Recorded data:

_ _ _ _

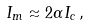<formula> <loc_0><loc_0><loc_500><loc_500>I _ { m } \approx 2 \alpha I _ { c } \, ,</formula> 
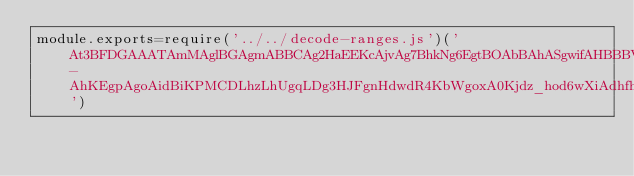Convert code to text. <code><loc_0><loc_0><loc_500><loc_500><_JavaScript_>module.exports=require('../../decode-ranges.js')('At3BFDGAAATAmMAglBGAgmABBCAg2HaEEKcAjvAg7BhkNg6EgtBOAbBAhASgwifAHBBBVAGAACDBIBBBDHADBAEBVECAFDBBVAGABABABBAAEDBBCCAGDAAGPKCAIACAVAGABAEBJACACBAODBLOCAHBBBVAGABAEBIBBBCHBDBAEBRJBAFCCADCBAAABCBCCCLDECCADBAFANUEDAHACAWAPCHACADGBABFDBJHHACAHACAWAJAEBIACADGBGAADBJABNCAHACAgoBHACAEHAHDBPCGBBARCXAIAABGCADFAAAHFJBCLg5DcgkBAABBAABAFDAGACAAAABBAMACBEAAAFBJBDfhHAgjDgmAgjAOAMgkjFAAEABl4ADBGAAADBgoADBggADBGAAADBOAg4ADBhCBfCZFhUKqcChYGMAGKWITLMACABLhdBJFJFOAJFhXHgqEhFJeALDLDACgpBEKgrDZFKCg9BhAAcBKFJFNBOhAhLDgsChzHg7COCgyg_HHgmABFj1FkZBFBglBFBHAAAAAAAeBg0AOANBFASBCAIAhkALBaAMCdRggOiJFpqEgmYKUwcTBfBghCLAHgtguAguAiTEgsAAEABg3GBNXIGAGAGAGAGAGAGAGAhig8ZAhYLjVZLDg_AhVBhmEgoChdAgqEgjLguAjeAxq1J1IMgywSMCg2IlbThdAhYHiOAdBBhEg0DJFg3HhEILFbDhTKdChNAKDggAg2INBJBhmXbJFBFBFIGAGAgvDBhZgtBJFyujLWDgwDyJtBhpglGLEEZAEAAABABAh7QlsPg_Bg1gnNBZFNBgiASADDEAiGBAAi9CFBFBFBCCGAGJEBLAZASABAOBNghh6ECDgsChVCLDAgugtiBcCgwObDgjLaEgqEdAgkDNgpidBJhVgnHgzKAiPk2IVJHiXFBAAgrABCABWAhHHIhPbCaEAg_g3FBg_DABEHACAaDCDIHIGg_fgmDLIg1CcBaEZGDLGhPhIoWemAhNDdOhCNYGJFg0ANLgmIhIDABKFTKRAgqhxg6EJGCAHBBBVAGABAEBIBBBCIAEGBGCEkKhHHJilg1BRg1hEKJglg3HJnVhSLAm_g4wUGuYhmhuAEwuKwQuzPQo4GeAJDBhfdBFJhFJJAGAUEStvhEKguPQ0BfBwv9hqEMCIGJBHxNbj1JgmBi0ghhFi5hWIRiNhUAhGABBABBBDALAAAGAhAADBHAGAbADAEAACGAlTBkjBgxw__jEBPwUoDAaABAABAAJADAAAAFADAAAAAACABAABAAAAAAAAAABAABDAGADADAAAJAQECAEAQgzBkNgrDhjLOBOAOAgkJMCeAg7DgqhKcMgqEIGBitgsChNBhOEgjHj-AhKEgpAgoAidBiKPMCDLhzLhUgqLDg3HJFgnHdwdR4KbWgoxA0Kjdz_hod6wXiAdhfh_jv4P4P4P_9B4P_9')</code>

_ _ _ _

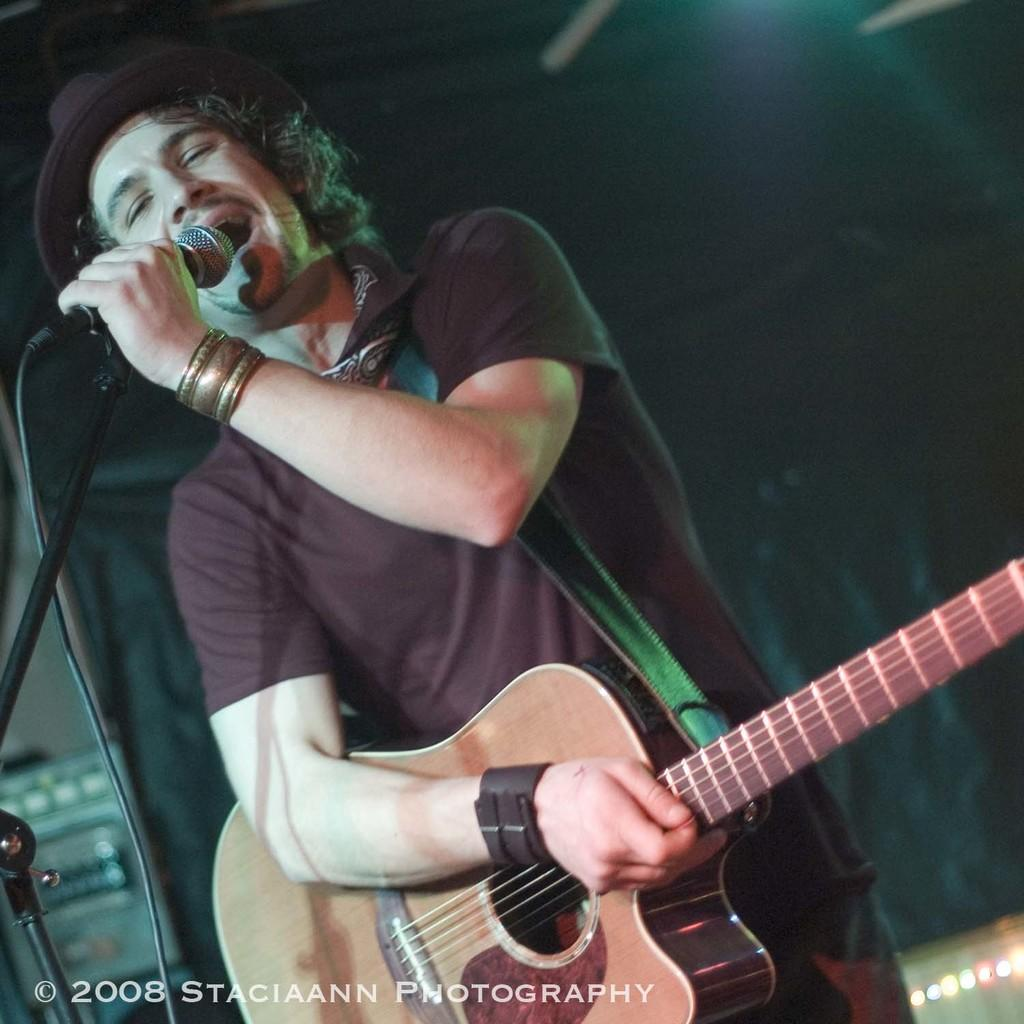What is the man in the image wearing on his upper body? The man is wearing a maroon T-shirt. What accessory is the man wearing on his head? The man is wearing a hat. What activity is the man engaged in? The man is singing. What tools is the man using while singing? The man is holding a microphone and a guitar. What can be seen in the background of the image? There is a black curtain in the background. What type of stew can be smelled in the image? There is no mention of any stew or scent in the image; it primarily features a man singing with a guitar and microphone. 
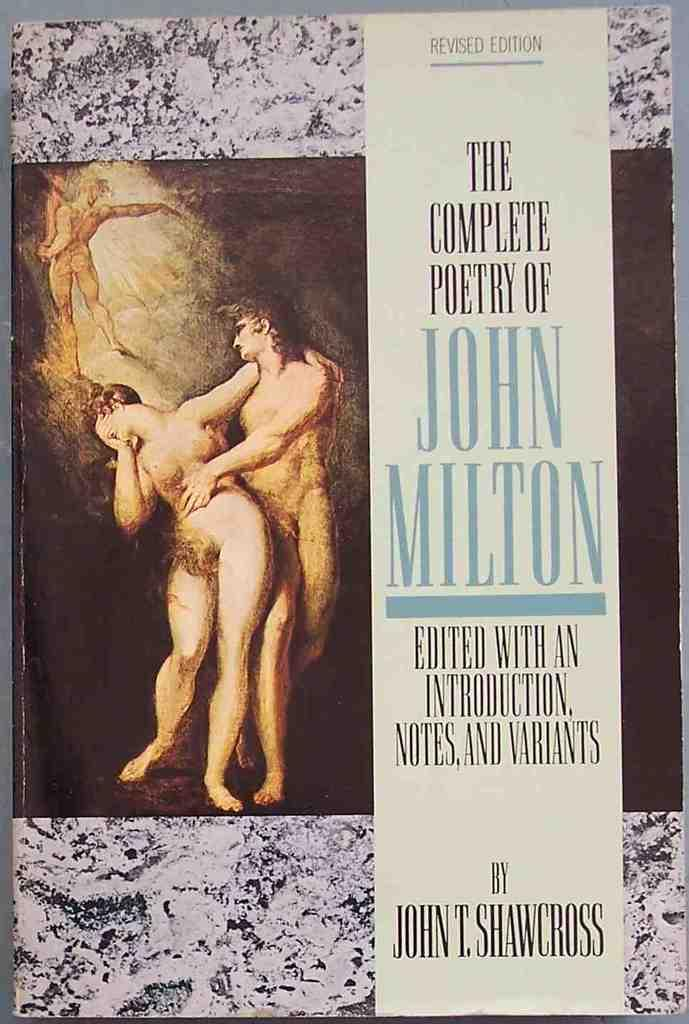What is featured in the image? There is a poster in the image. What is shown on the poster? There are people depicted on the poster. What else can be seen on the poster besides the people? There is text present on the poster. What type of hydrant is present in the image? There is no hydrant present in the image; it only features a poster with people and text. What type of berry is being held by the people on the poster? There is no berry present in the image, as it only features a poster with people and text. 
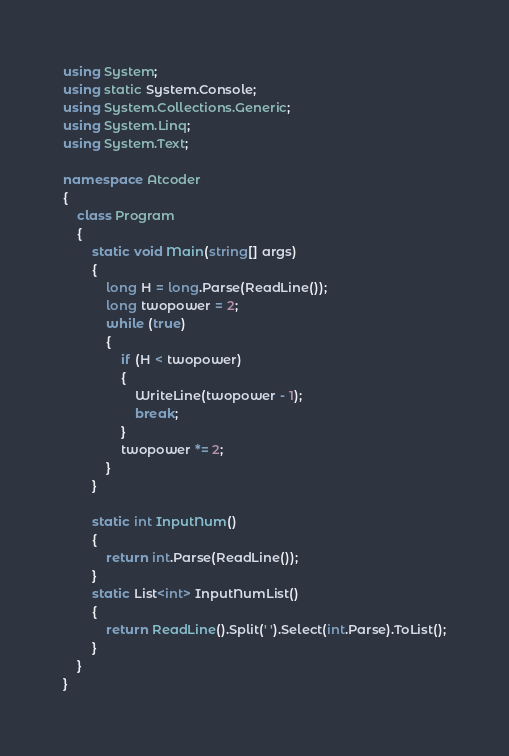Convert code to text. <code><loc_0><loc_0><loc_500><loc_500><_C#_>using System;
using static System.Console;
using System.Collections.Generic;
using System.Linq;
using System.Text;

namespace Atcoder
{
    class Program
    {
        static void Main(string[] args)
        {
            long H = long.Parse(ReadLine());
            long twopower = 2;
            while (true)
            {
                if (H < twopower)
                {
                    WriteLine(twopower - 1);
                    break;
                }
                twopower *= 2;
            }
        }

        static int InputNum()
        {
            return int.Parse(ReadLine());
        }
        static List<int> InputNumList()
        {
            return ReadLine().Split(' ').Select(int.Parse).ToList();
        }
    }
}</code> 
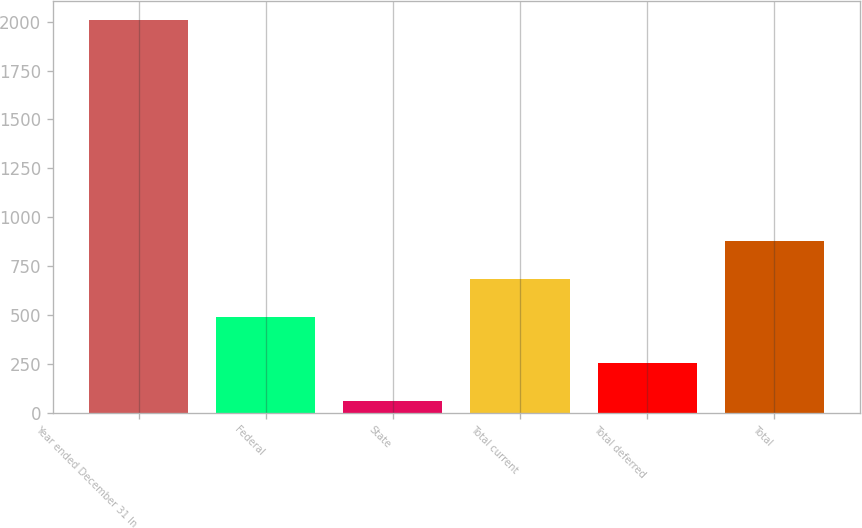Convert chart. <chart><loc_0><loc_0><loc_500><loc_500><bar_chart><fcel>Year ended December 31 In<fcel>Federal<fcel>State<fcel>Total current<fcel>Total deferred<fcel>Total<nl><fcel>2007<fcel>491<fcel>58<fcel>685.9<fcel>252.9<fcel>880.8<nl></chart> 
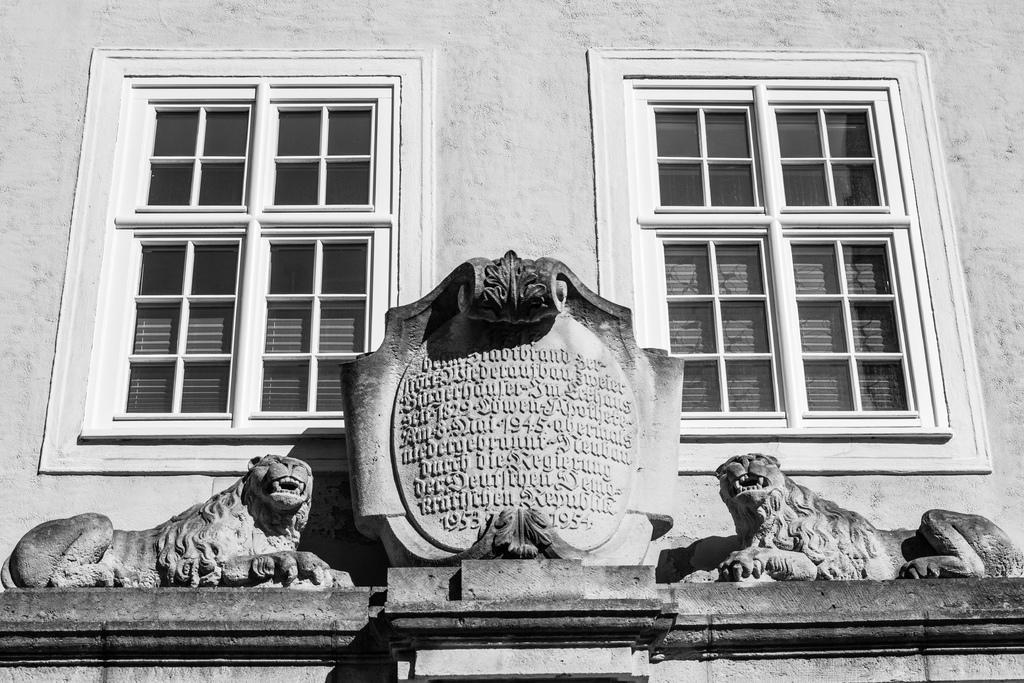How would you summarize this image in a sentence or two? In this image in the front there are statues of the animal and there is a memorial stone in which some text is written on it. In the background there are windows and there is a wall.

_ _ _ _

Your answer should consist of the lines of the listing that contain "static", copied as they stand.

Task response:
using static System.Console;
        static void Main(string[] args)
        static int InputNum()
        static List<int> InputNumList()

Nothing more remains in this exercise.